そのままいなくなってわからなくなってしまったので

かわいそうにおもわれ

すみかを訪ねようと

親子連れで

旅支度をしました。

舌切雀

お宿はどこだ

ちょっちょっちょっ、と訪ね

(歩いていると)


(補足)

 小さめの字で、一文字一文字の大きさもまばらで、さらにカスレており読むのに難儀しました。と自分の読解力のなさを脇において不平不満だらけであります。

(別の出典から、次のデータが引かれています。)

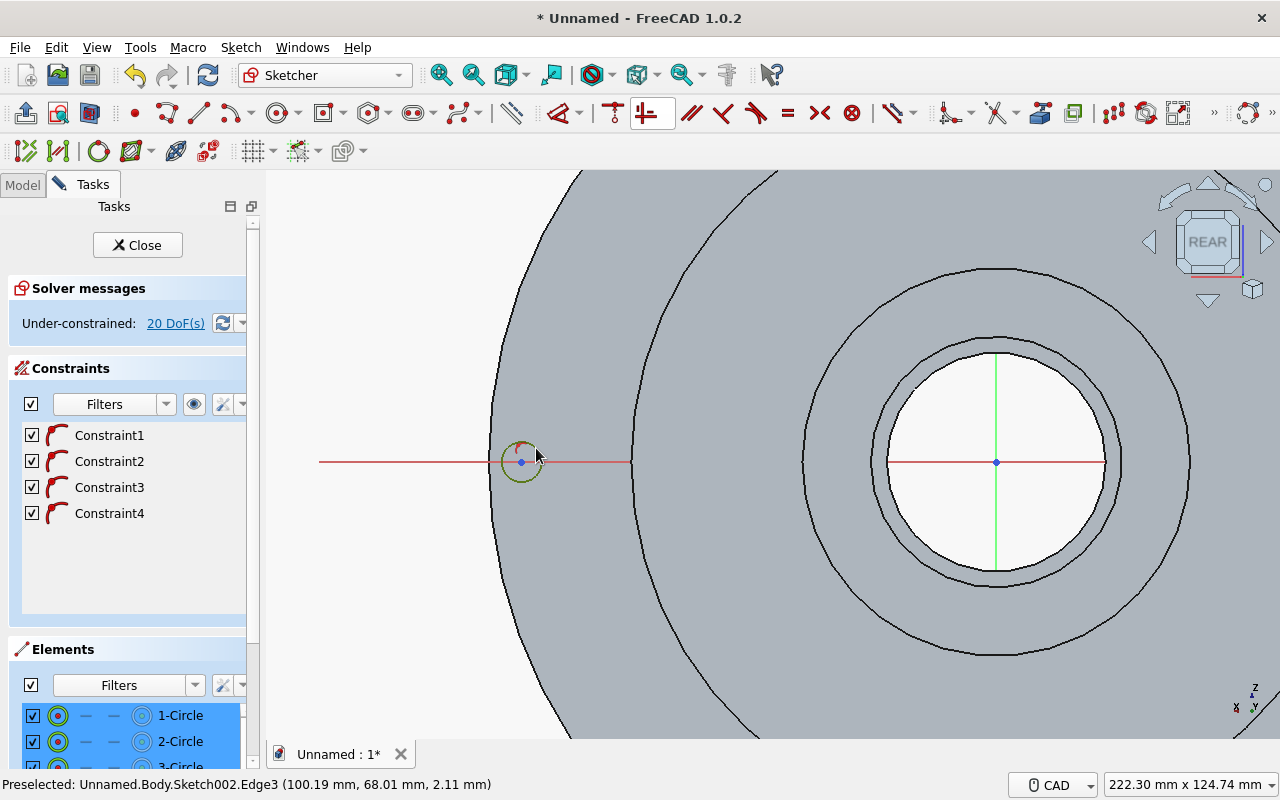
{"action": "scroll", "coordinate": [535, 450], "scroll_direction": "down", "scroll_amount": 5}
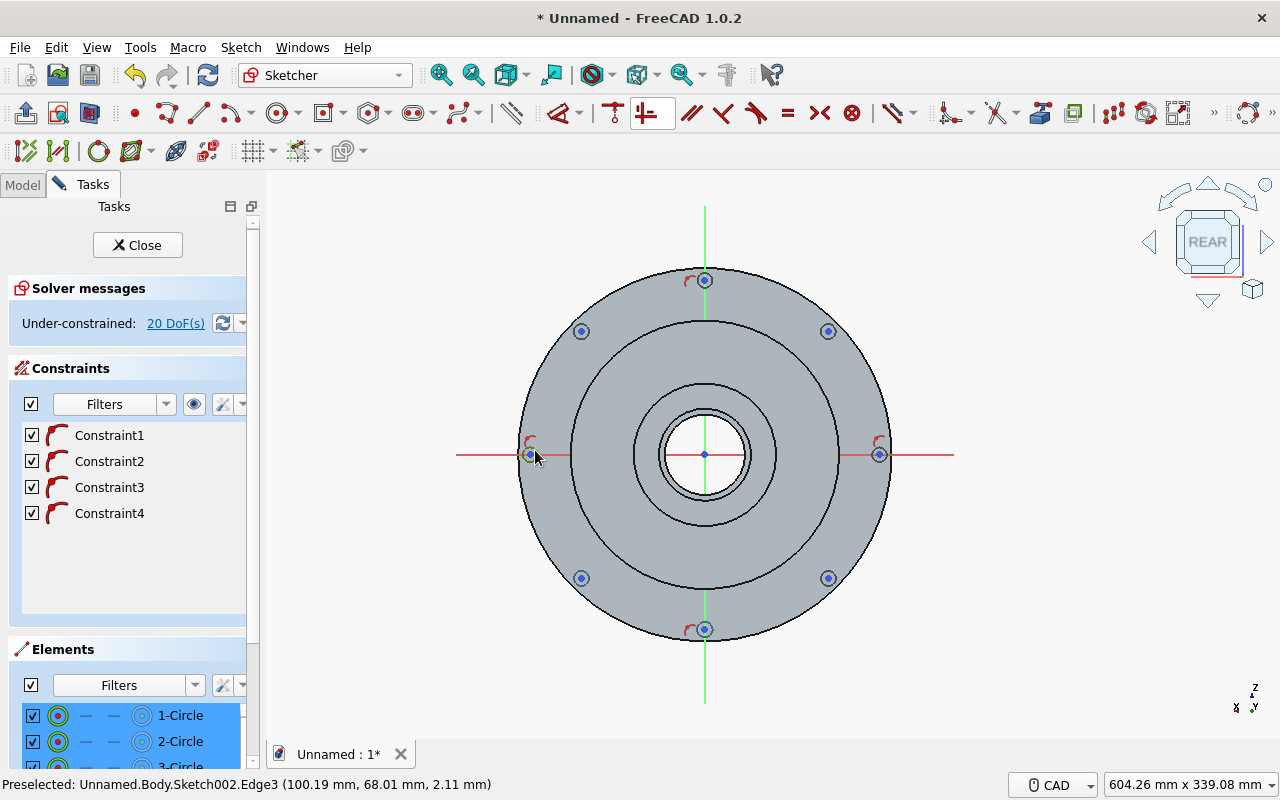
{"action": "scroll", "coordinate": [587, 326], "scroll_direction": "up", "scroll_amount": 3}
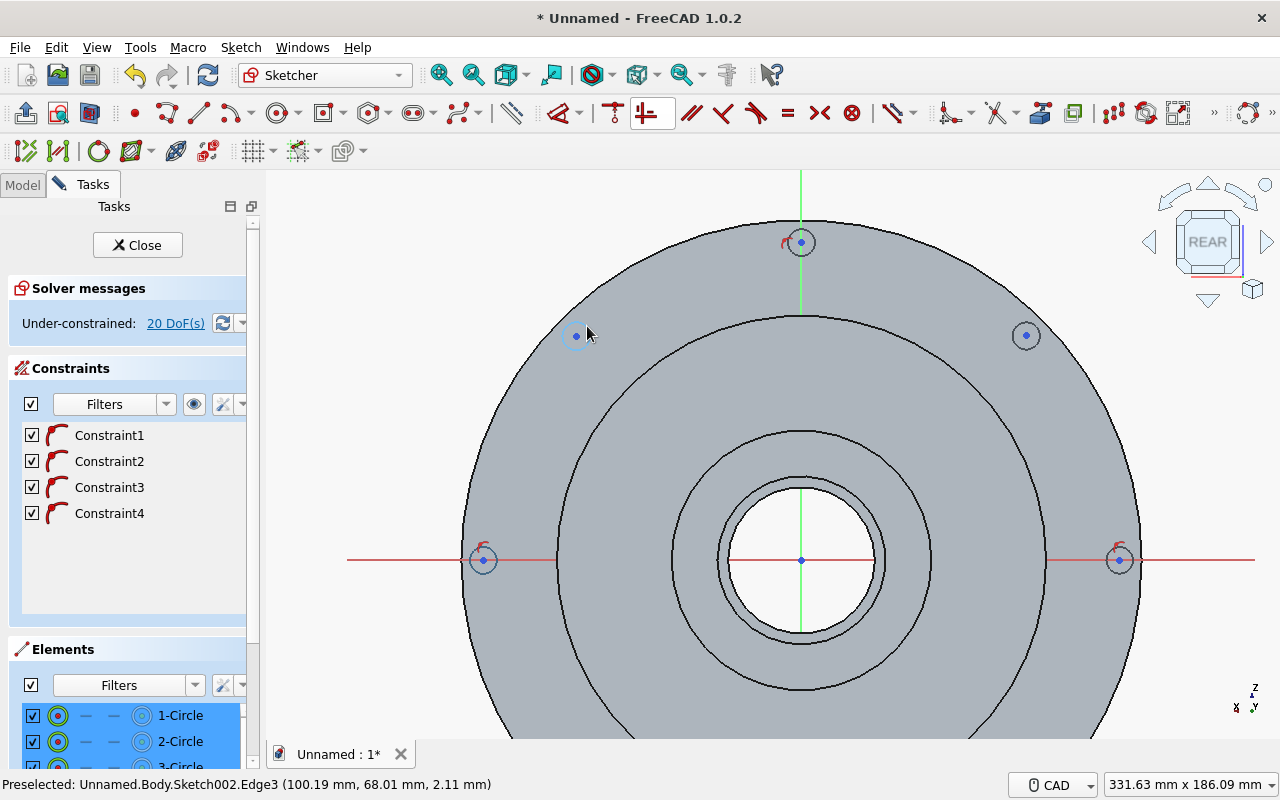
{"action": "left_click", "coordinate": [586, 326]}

「せうぢき志゛ゝいおやとハ」、「おやどはどこだ」があたまに染み込んでいて、これでは意味がおかしくてつうじません。この6行さきに「おやこづれ尓て」とあり、読み間違いに気づいた次第でお恥ずかしい。「こ」が「と」に見えなくもないと言い訳させてもらいます。

「そのまゝきへ志れ」、この箇所もなかなかわからなかった。「きへ」を「中らへ」or「中らく」と読んで意味がやはり変。前後を何度も読んでみるとその前の行に「きられ」と「き」があって、「中ら」と見えたのは「き」とわかりました。いやいやほんとにお恥ずかしい。

「おもひ春ミ可を」、「春ミ可」を判読するのも時間がかかりました。「春」の上に●がありわかりずらい。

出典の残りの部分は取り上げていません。